MATERIAL FOR THIS TASK:
────────────────────────────────────────
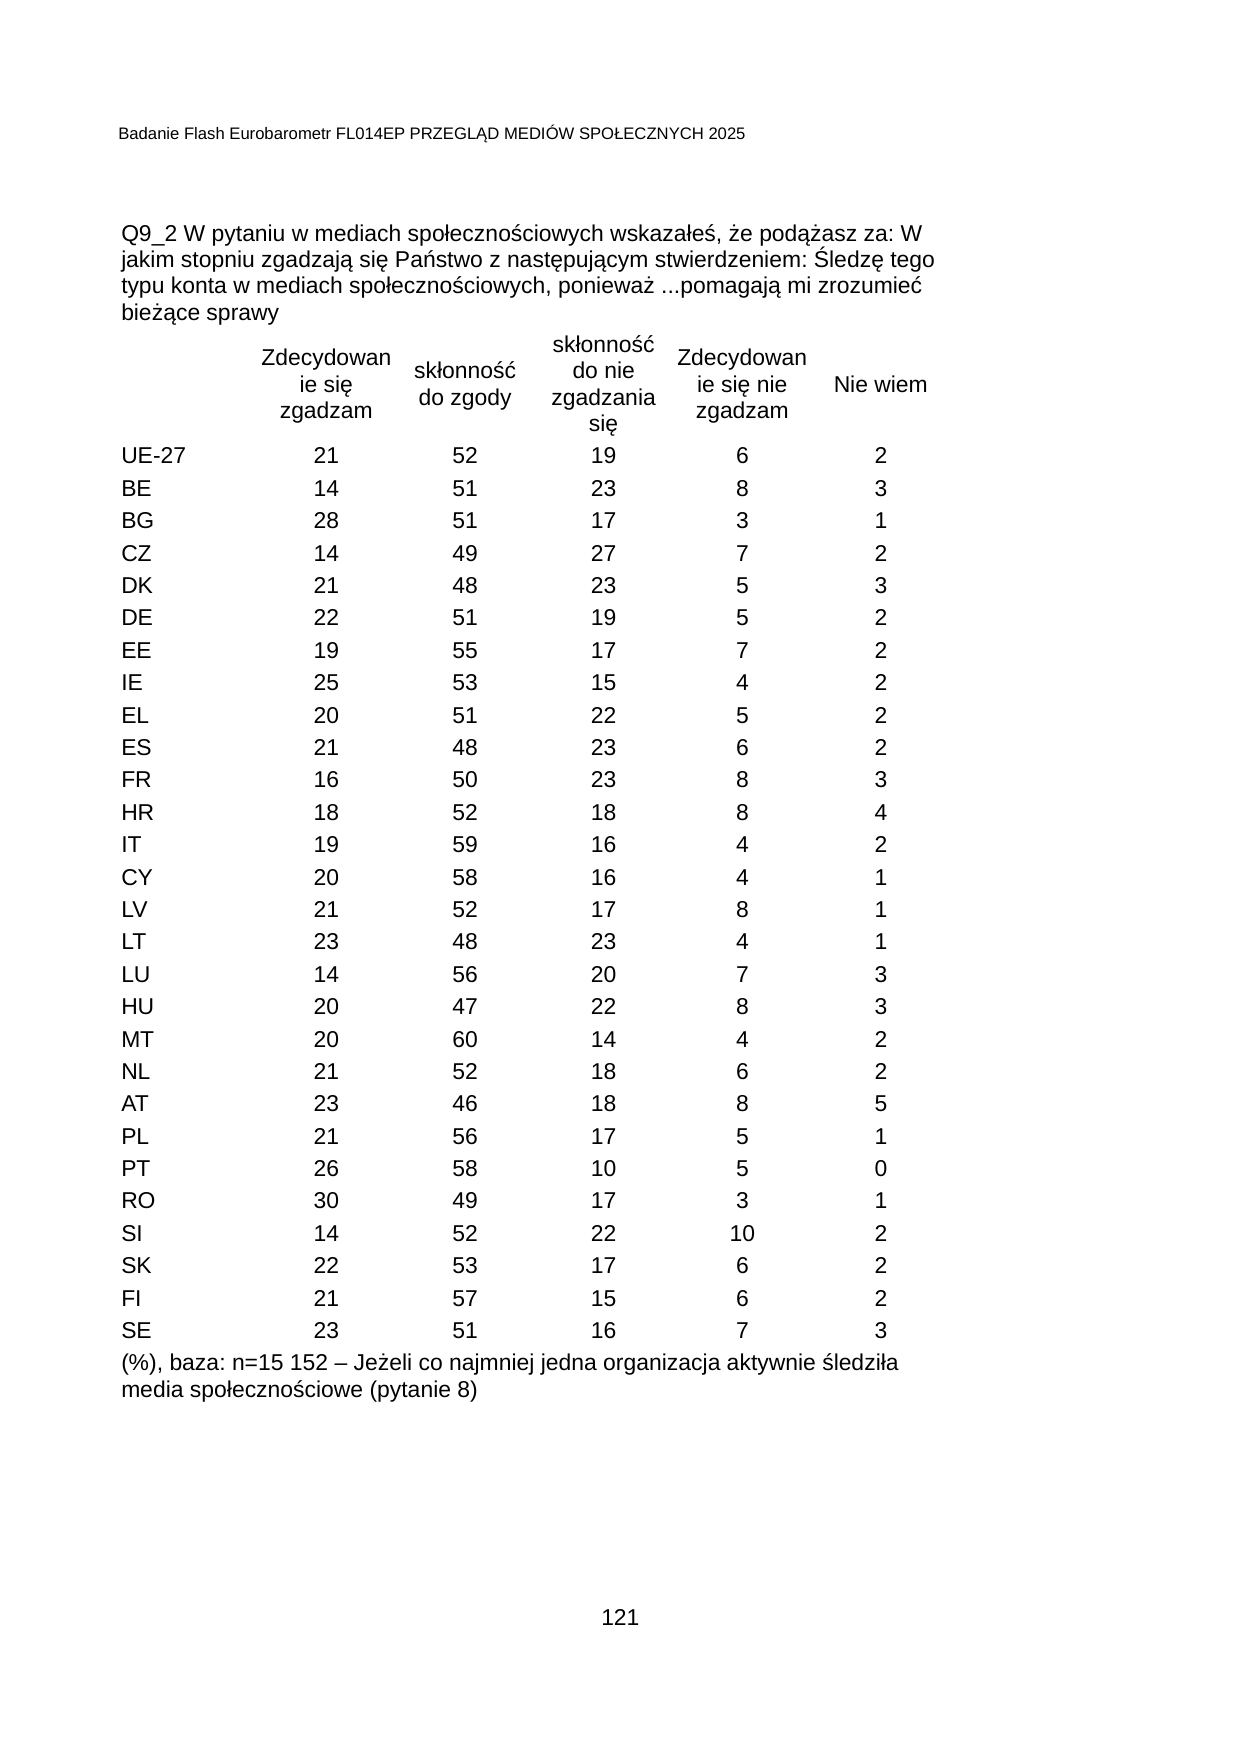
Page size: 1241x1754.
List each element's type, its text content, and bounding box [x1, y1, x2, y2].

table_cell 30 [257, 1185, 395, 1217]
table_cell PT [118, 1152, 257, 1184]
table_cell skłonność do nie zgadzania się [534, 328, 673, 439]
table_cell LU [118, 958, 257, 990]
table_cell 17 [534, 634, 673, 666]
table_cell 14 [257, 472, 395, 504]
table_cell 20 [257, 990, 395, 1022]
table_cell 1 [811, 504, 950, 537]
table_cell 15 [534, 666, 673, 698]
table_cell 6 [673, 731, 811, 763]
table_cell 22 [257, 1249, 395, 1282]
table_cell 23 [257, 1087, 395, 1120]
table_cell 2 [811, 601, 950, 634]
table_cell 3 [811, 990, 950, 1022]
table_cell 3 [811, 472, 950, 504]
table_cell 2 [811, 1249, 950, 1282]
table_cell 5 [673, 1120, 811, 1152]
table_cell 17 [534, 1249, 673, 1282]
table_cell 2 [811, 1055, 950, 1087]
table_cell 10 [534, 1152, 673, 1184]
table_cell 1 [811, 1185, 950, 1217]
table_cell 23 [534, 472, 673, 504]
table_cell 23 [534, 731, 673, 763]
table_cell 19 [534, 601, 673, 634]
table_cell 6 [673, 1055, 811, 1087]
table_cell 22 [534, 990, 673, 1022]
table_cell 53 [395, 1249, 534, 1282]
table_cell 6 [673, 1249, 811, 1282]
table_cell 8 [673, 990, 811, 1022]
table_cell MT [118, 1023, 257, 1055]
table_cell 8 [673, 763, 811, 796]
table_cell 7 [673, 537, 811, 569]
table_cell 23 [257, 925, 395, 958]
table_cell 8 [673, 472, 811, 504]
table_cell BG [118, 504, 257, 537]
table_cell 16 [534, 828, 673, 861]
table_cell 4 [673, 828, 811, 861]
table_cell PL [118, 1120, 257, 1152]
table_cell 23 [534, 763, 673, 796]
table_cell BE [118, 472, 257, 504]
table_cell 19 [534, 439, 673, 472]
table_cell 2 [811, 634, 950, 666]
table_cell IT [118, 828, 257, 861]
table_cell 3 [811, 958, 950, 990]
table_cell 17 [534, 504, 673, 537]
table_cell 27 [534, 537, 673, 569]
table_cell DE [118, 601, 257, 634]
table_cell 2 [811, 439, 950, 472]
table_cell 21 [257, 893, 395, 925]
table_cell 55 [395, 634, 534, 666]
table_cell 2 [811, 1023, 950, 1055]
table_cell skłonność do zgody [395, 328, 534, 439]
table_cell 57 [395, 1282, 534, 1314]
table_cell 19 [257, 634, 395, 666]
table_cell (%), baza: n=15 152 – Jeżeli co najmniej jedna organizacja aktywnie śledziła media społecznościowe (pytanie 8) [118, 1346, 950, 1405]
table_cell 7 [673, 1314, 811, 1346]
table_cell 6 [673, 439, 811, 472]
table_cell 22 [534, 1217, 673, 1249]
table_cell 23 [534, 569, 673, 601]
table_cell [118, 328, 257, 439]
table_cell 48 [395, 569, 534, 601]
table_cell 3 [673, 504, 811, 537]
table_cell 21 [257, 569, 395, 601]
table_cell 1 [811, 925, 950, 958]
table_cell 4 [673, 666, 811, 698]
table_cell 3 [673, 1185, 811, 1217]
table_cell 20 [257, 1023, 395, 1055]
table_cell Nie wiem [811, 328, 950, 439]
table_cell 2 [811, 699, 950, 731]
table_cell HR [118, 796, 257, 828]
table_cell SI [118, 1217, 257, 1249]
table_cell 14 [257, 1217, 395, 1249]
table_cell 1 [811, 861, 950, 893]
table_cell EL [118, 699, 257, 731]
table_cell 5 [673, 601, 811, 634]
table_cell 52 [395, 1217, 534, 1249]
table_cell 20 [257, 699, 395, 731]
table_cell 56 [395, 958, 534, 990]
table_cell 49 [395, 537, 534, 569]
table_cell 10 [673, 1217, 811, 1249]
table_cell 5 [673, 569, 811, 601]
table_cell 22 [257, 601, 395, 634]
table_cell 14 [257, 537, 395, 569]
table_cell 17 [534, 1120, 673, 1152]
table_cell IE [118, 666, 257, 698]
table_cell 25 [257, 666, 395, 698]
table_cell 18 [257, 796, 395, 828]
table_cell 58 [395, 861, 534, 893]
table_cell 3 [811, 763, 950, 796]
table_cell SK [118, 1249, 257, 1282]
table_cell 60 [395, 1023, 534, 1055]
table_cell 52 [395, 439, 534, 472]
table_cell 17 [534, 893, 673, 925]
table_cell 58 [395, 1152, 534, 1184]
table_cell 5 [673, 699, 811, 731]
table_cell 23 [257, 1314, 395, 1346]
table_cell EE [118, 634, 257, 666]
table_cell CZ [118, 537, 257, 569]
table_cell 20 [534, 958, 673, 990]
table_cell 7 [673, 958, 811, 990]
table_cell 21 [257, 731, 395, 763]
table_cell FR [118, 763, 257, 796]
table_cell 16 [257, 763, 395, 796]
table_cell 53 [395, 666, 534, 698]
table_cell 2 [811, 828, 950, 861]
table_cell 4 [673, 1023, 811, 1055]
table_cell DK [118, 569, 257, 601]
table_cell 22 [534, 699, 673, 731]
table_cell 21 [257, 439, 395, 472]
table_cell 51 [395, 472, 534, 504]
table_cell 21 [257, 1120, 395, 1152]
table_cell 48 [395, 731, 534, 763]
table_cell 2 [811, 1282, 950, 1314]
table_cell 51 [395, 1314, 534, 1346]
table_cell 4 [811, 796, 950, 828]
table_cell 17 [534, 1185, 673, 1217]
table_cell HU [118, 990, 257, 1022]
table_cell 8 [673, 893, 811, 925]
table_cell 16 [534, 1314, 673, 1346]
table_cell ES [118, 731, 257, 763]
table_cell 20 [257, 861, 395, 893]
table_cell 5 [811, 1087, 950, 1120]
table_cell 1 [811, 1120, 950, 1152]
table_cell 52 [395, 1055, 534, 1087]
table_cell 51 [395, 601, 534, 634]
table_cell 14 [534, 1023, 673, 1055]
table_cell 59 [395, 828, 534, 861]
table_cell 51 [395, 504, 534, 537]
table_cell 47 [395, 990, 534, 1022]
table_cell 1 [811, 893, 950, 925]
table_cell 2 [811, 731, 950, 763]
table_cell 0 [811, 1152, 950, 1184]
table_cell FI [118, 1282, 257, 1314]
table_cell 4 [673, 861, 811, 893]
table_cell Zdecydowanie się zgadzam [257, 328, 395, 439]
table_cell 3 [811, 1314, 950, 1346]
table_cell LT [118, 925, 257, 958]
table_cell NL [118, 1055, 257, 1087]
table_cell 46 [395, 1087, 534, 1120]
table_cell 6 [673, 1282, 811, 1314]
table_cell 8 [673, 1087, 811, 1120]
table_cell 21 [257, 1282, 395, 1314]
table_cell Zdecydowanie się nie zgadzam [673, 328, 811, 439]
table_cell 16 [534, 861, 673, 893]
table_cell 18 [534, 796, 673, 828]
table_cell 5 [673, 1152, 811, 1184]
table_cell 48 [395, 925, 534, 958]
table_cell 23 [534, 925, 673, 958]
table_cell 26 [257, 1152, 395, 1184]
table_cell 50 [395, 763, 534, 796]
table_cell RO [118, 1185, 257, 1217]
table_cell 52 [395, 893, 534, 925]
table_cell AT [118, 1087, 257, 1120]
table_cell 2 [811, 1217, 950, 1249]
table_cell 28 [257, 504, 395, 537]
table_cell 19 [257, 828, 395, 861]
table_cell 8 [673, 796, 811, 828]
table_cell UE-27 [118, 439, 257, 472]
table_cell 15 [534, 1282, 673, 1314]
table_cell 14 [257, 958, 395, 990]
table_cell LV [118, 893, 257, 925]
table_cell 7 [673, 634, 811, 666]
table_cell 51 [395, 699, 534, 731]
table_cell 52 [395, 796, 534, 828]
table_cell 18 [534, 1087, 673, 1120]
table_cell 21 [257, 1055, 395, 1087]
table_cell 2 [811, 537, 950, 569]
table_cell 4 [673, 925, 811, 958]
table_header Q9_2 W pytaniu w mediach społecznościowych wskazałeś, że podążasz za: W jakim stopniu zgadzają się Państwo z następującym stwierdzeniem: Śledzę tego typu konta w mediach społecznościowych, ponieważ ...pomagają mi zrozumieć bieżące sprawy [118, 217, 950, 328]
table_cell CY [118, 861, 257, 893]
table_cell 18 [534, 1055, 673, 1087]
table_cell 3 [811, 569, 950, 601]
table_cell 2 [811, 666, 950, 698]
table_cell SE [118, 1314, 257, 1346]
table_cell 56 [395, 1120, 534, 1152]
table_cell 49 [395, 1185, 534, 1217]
────────────────────────────────────────
WHAT IS REQUIRED: Only the lines above starting at the line that holds "table_cell SI [118, 1217, 257, 1249]" and ending at the line that holds "table_cell 20 [257, 699, 395, 731]" are to be repeated, exactly and in full.

RESPONSE BELOW:
table_cell SI [118, 1217, 257, 1249]
table_cell 14 [257, 1217, 395, 1249]
table_cell 1 [811, 861, 950, 893]
table_cell EL [118, 699, 257, 731]
table_cell 5 [673, 601, 811, 634]
table_cell 52 [395, 1217, 534, 1249]
table_cell 20 [257, 699, 395, 731]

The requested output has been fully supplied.